Cough, along with fever, is one of the tell-tale symptoms of the coronavirus.
“[Reduced cilia function] results in a decreased ability to clear mucus, which traps infections in the lungs, where they can build up,” said Professor Akbar.
The government’s “cut-off” for high-risk but otherwise healthy individuals is 70.
“Some people may start to have declining immunity a decade earlier,” said Professor Akbar.
“The changes that happen to our immune systems as we get older are not necessary reflected in how healthy we feel; you can be a very fit 65-year-old, but your immune system will not work as well as it did when you were 20”.
Immunity aside, older people may also be more at risk of health conditions that make an individual vulnerable to coronavirus complications.
“Illnesses that predispose to this higher risk include chronic lung disease, heart disease, hypertension or diabetes, all of which are found at higher rates in older people,” said Dr Tom Wingfield from the Liverpool School of Tropical Medicine.
Dr James Gill from Warwick Medical School pointed out that people in their sixties are generally six times less likely to die from any cause than those a decade older.

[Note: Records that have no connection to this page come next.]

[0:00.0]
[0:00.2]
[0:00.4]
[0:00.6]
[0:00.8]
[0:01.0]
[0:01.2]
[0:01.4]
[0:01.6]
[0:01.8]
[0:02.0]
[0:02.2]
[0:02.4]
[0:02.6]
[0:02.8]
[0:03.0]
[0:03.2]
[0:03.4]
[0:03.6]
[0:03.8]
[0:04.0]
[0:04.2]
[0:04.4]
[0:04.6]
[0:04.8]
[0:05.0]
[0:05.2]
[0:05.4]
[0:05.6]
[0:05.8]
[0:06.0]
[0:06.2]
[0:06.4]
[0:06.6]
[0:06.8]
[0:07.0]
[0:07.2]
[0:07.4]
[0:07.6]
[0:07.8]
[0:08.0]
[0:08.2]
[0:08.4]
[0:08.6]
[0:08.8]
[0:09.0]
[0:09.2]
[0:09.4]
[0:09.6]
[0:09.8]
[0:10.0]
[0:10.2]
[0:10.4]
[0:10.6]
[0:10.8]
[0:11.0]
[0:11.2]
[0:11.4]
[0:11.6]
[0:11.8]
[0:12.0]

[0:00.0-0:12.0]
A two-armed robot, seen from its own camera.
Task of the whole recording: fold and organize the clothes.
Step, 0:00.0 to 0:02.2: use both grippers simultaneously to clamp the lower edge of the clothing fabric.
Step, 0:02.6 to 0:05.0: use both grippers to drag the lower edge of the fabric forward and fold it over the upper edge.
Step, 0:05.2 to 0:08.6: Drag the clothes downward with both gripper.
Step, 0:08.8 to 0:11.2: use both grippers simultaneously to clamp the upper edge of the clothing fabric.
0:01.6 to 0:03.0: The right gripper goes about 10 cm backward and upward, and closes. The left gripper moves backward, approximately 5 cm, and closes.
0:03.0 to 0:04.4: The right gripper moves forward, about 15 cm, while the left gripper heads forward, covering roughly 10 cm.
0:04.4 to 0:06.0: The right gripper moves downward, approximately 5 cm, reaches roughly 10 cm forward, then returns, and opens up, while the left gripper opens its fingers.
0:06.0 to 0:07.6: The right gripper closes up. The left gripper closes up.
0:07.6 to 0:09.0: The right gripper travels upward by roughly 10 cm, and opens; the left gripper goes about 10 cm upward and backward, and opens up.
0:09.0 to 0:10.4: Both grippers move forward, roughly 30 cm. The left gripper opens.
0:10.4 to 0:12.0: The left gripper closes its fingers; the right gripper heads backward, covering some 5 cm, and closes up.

“Thus whilst it may be reasonable to question whether measures should be extended to those in the 60-to- 70 years group, this should not cause significant concern for those people,” he said.

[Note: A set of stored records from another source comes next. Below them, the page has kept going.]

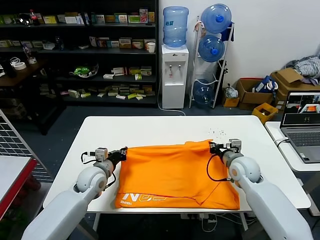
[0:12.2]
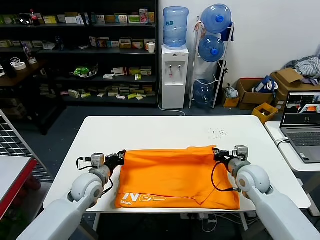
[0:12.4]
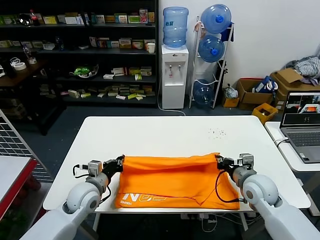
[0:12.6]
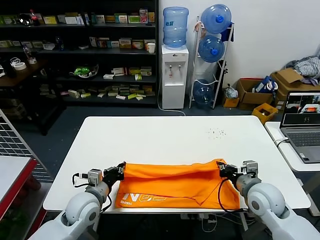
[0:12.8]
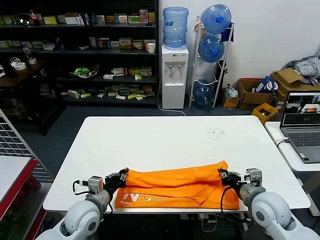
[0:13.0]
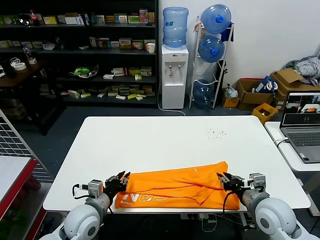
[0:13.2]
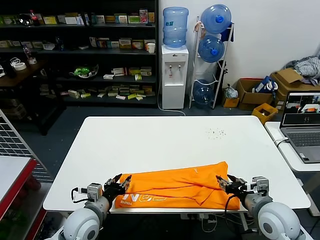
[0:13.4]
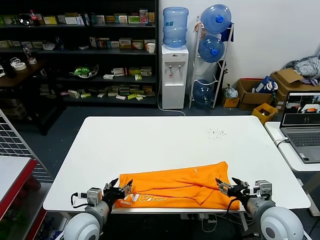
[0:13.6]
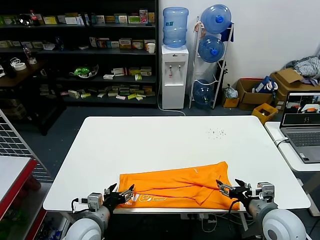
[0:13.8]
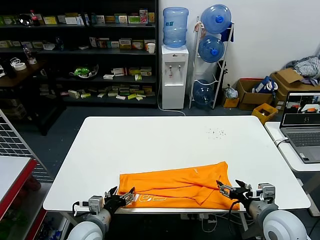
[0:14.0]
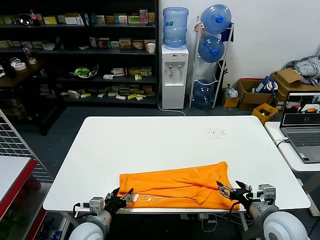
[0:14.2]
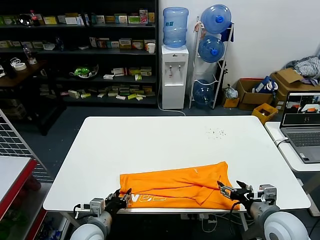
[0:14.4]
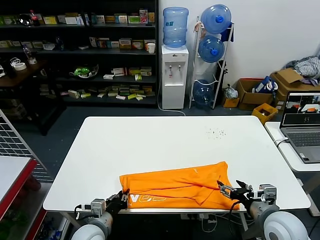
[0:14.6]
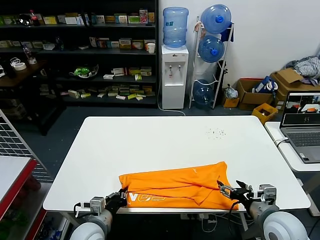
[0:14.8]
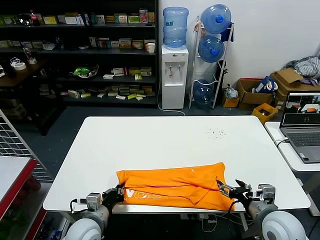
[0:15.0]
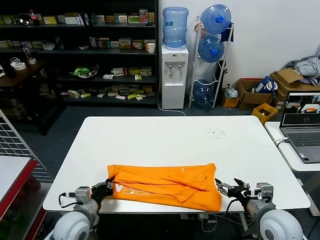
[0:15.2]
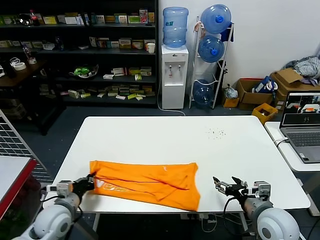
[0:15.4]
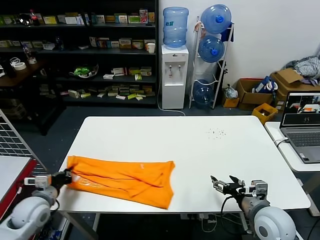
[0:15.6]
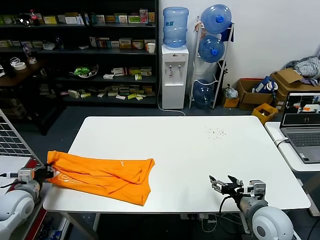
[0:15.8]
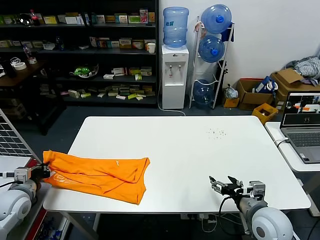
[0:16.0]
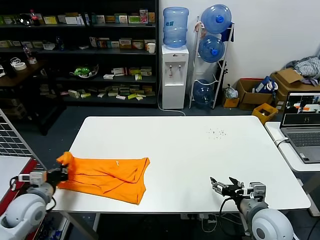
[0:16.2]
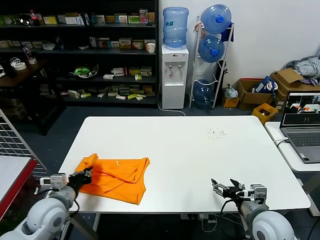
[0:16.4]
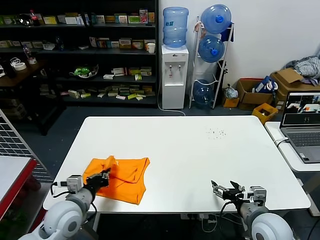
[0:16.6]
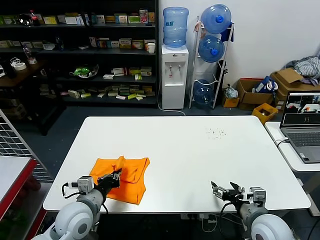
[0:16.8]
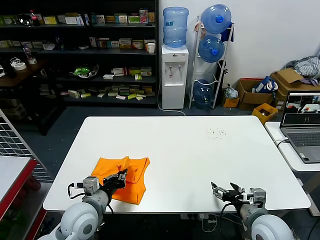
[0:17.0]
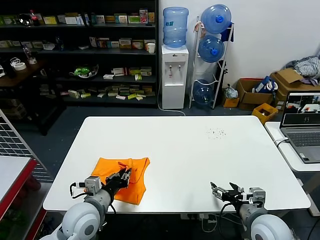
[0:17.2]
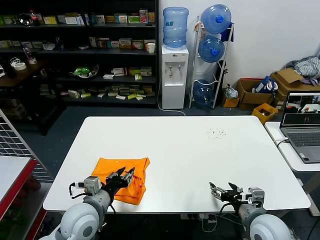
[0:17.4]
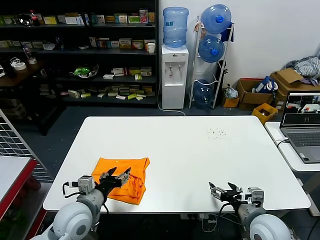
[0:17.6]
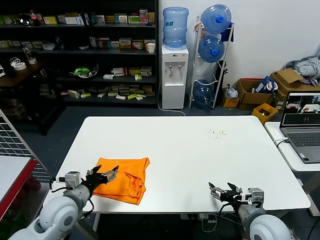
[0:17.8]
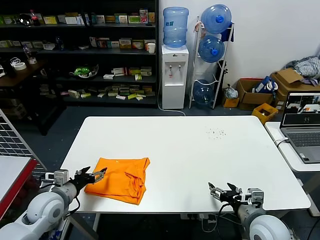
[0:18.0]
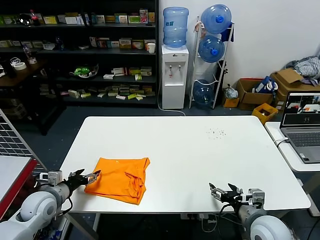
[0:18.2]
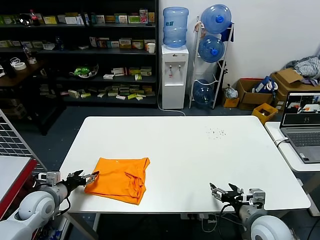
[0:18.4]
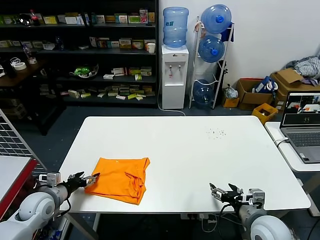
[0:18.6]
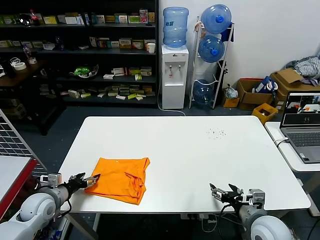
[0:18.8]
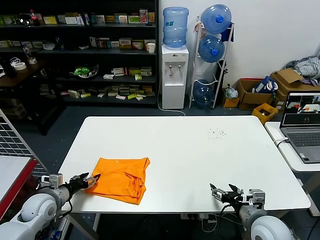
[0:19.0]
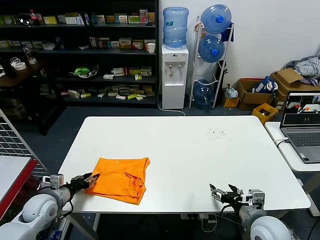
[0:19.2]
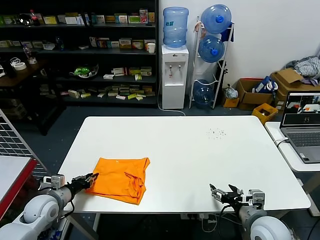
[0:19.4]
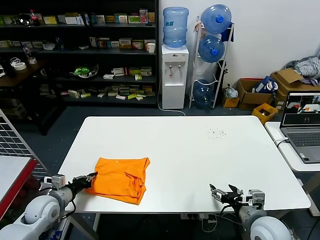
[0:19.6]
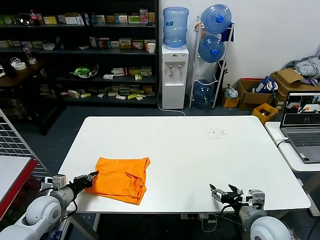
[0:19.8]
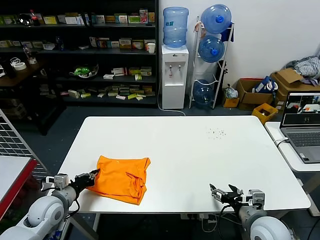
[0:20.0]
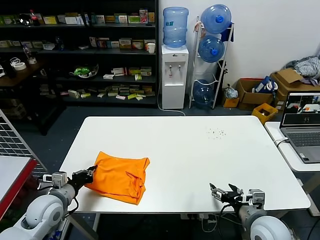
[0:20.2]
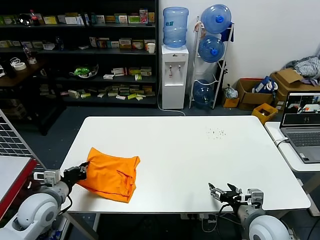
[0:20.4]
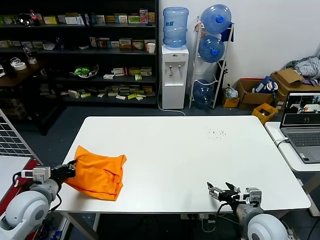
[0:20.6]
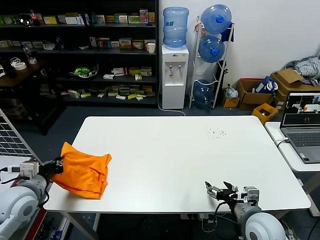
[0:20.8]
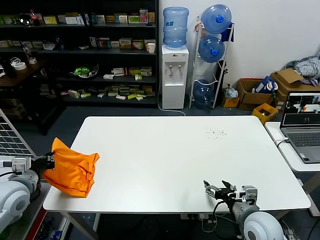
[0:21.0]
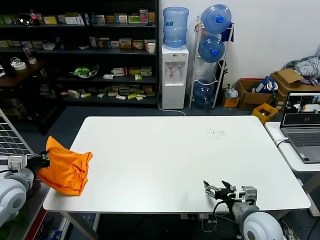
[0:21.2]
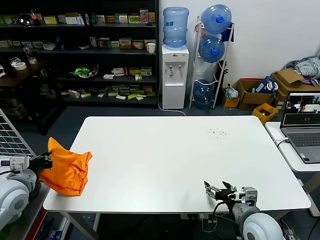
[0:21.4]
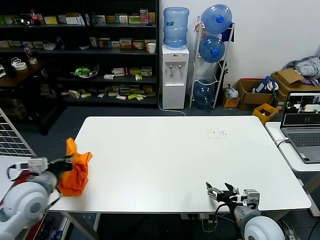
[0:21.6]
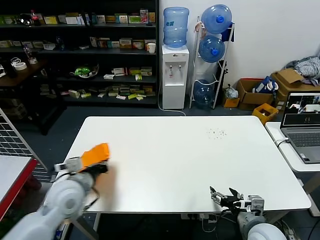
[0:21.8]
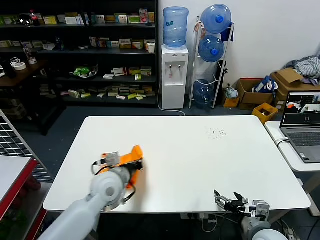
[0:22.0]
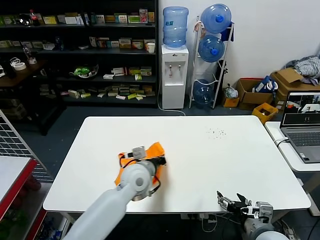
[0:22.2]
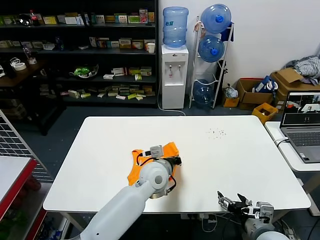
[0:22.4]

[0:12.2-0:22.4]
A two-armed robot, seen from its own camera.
Task of the whole recording: fold and organize the clothes.
Step, 0:12.2 to 0:13.2: use both grippers to drag the upper edge of the fabric backward and fold it over the lower edge.
Step, 0:13.4 to 0:14.8: use the left gripper to clamp the left edge of the fabric.
Step, 0:15.0 to 0:17.2: use the left gripper to drag the left edge of the fabric to the left and folds it over the right edge.
0:12.2 to 0:13.6: The grippers both shift backward by about 15 cm. The left gripper opens up. Meanwhile the right gripper opens.
0:13.6 to 0:15.2: The left gripper closes up.
0:15.2 to 0:16.6: The left gripper goes about 5 cm upward, and travels to the left and back again, some 20 cm each way.
0:16.6 to 0:18.0: The left gripper ends up roughly 5 cm from where it was, and opens.
0:18.0 to 0:19.4: The left gripper is displaced to the left and downward by some 10 cm, and closes its fingers.
0:19.4 to 0:21.0: The left gripper shifts roughly 15 cm upward.
0:21.0 to 0:22.4: The left gripper goes some 35 cm to the right; the right gripper ends up about 5 cm from where it was.

Dr Gill called for a “degree of pragmatism”.
“If a person older than 60 is already furloughed from work, then there is no significant disadvantage to personally implementing a more stringent approach to social distancing and self-isolation,” he said.
“Conversely, if a person is still required to attend work, then a discussion with their employer to assess if there are additional ways that their exposure could be reduced further would be seen by many as a reasonable conversation to have.”
Two experts also raised concerns about the call for retired NHS staff to return to work amid the outbreak.
“Although not specifically discussed in this article, this does perhaps raise the question of whether healthcare workers in that age group should be shielded from frontline care of patients with COVID-19, particularly if they have additional risk factors,” said Dr Andrew Freeman from Cardiff University.
What is the coronavirus?
The coronavirus is one of seven strains of a virus class that are known to infect humans.
Others trigger everything from the common cold to severe acute respiratory syndrome (Sars), which killed 774 people during its 2002/3 outbreak.
Since the coronavirus outbreak was identified, more than 2.5 million cases have been confirmed worldwide, according to Johns Hopkins University.
Of these cases, over 695,300 are known to have “recovered”.
Globally, the death toll has exceeded 178,400.
The coronavirus mainly spreads face-to-face via infected droplets expelled in a cough or sneeze.
Although most cases are mild, pneumonia can come about if the coronavirus spreads to the air sacs in the lungs.
This causes them to become inflamed and filled with fluid or pus.
The lungs then struggle to draw in air, resulting in reduced oxygen in the bloodstream and a build-up of carbon dioxide.
The coronavirus has no “set” treatment, with most patients naturally fighting off the infection.
Those requiring hospitalisation are given “supportive care”, like ventilation, while their immune system gets to work.